I wish every American writer who believes fiction is a handmaiden to their own politics could be knocked sensible by Solzhenitsyn’s level-headedness, to say nothing of Orwell’s. If the horror is there, give it to us whole and plain. If you are writing a novel, what’s more, give it to us however you’d like, just so it’s shaped by the formal freedoms of long fiction, and not a cut and paste of company jargon.
This newsletter is not meant to be an op-ed. Do not email me your op-ed. I just love great novels, and want to point out that great political novels exist, despite how shrill, and numerous, their lesser kin continue to be.5
On to what really matters:
Writing:
Never too late to read my short story in Electric Literature.
This isn’t my writing, but my buddy Bill Coberly recently had a piece on Connie Willis in The Bulwark. It’s very good. Watch this space for more on Willis.
Reading:
The Internet Is Not What You Think It Is, by Justin E.H. Smith
The best part of the book is the chapter which derives from an essay he published with The Point magazine (which I recommend!). It’s kind of all over the place after that, but frequently rewarding in spite of the slipshod organization.
Macbeth, by W.S.
Let me be the first person ever to tell you: Shakespeare is good.
I love you all.
I feel bad for making this comparison. Solzhenitsyn’s a much, much better writer.

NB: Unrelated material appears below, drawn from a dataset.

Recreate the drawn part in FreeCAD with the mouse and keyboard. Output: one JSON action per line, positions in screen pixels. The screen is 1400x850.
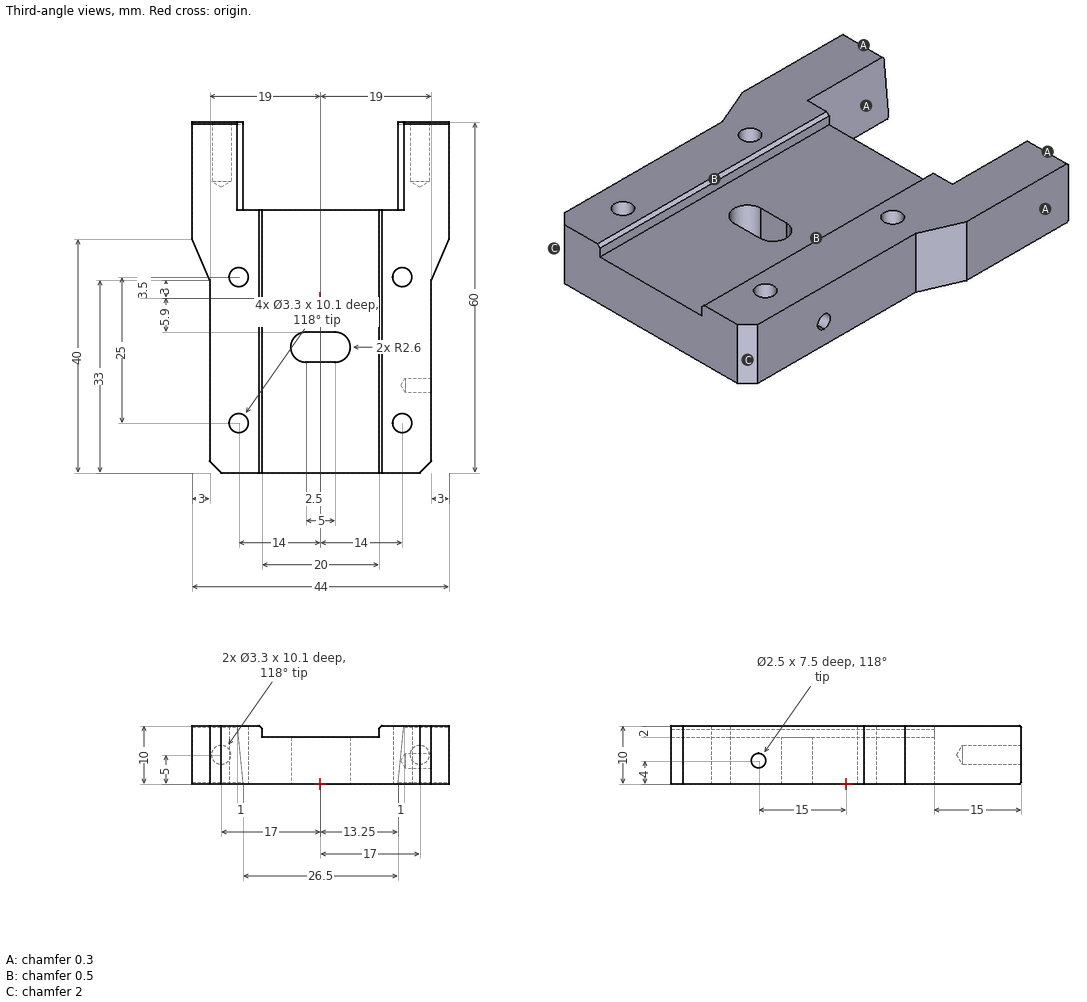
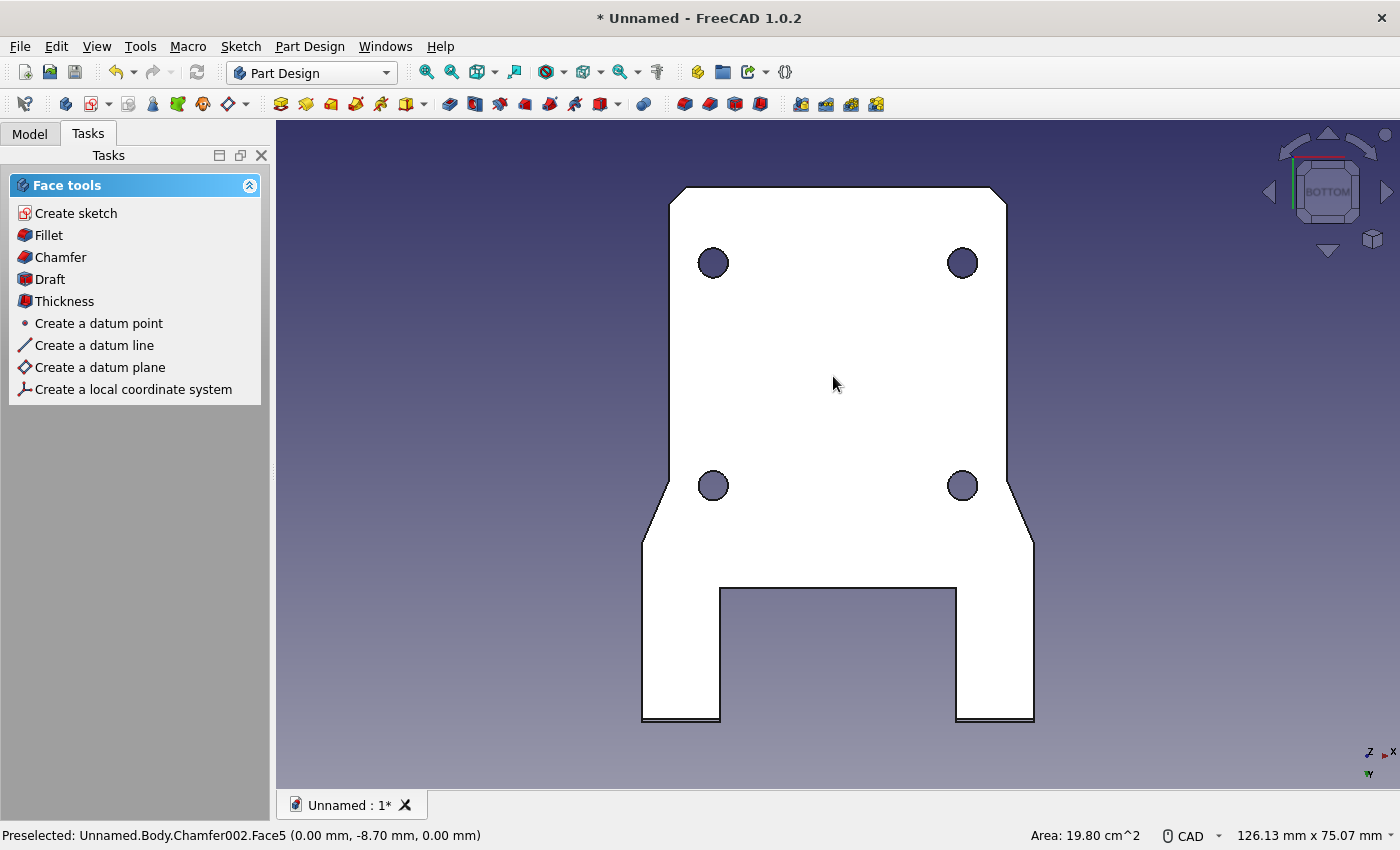
{"action": "left_click", "coordinate": [90, 104]}
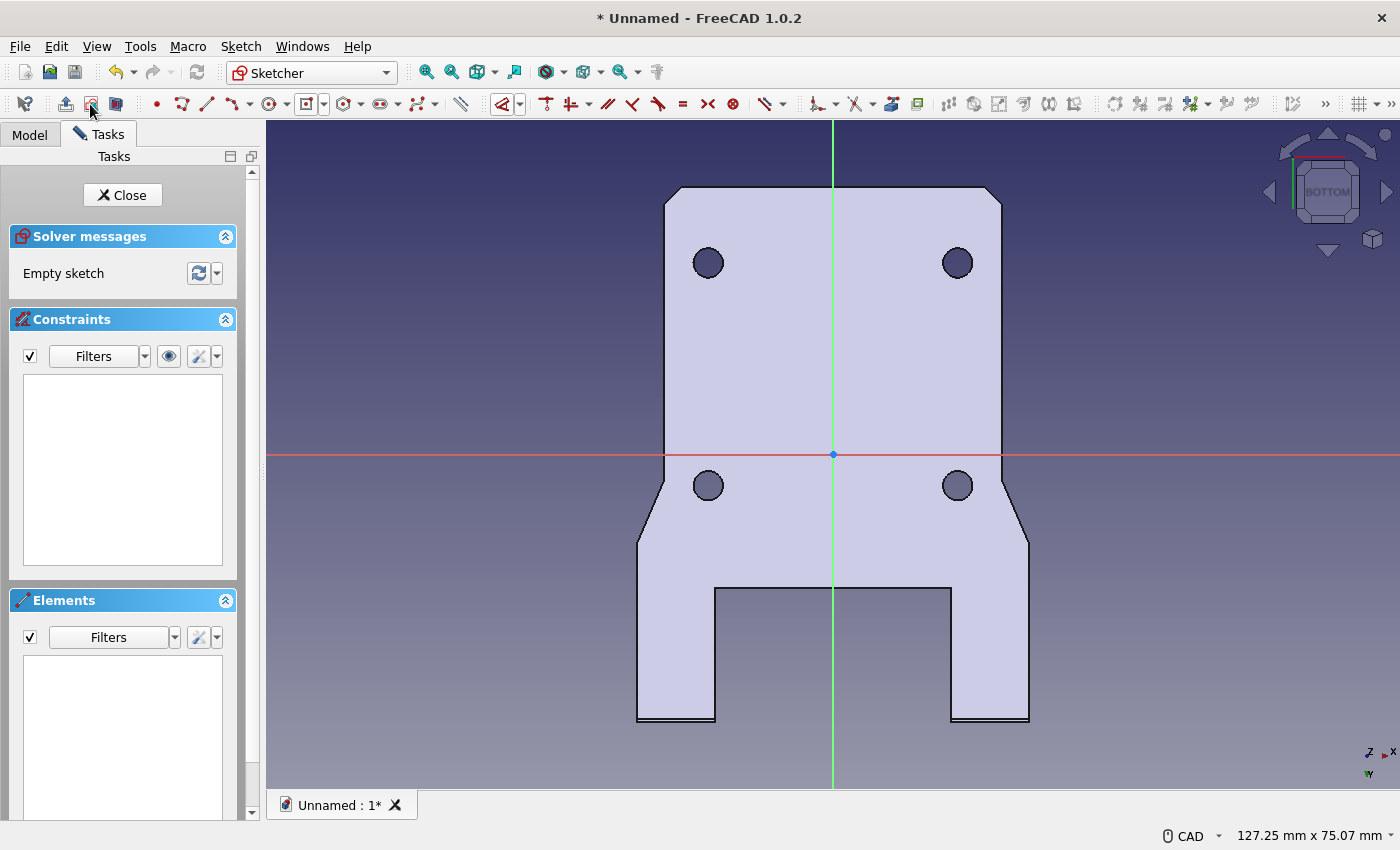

Did you know GULAG is an acronym? It’s taken on a life of its own, but it referred originally to the government ministry that oversaw the “correctional camps.”
The title character’s surname, and how he’s referenced throughout the work.
I think there’s a name for this idea in philosophical circles, or maybe the debate world, but if I ever learned it, I’ve long forgotten.
Arguably, Trust Exercise by Susan Choi is the great #MeToo novel, though it wasn’t written with that movement specifically in mind, I’m pretty sure. It’s certainly one of the great novels of the last decade, in my opinion. Or at least one of the few contemporary literary novels (last five years) I’ve read and which I think about regularly.
Dense layers of interesting implications leading to overall recognition of the reality of the horror of such a life experience
Good piece, and not just because you gave me a shoutout at the end!